Sublime Politics, Dutiful Politicians

By Robert Zaretsky
February 05, 2019

Two hundred and forty-five years ago, the parliamentary seat for the English port city of Bristol was up for grabs. After a tightly fought contest, the winner gave one of history’s odder victory speeches. In effect, he thanked his constituents by telling them that whenever he knew better than they did -- given his self-assurance, this risked being most of the time -- he would vote against their own interests.

It wouldn’t have been surprising if the speech was met with much shuffling of shoes and scratching of wigs. More than one Bristolian must have felt a pang of remorse over having just sent Edmund Burke to Westminster. 
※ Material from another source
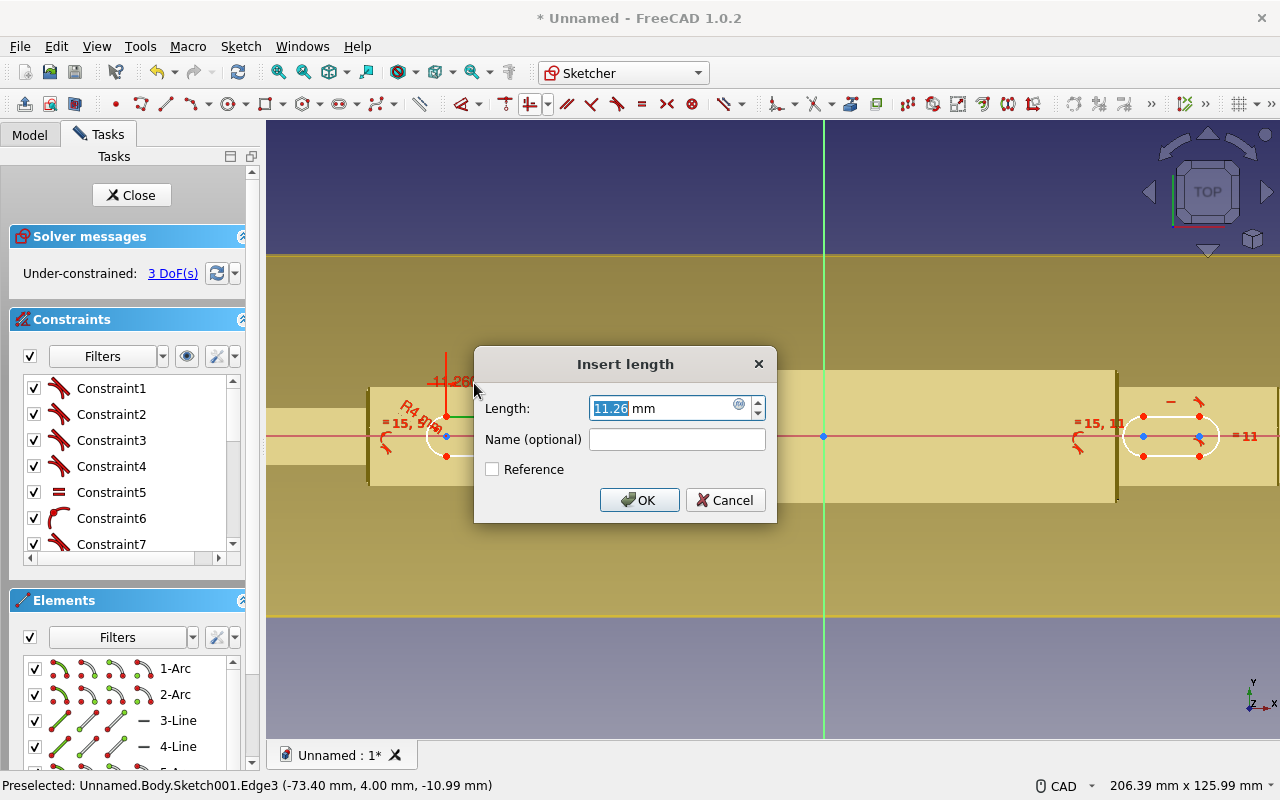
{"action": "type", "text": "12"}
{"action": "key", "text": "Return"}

More than two centuries later, many of us also feel a pang -- not of remorse, but of regret. Burke’s firm voice and clear vision are as exceptional in our own day as they were in his own. For this reason, it pays to revisit his speech. Not only did it have a remarkable impact on a founding father of our country, but its bracing claims also have vital relevance for our current political scene.

The voters of Bristol, a city second only to London in terms of political and economic importance, were pleased that Burke sought to represent them. By 1774, he had already won fame for his writings on political and philosophical matters. Samuel Johnson, himself no mean thinker and conversationalist, said of his friend: “Burke does not talk from a desire for distinction, but because his mind is full.”

The workings of that mind were on full display in Burke’s Bristol speech. He told his constituents that he would value their opinion only when it deserved to be valued. If it was instead twisted by individual interest or ignorance, it was his parliamentary duty to stand athwart it. When voters chose him, Burke declared, he became not just a member of Bristol, but also a member of Parliament. This distinction meant that when one’s constituents “form an hasty opinion, evidently opposite to the real good of the rest of the community, the member for that place ought to be as far, as any other, from any endeavour, to give it effect.”

By the time of the 1780 elections, Burke’s constituents decided he had been far away not only from their concerns, but also their city: During his six years as Bristol’s MP, Burke visited the city just twice. It hardly helped when, opposing a law meant to help Bristol’s struggling merchants, Burke announced he had no choice but to speak “the language of truth and sincerity.” Having lost the support of his constituents, Burke stepped down from his parliamentary seat.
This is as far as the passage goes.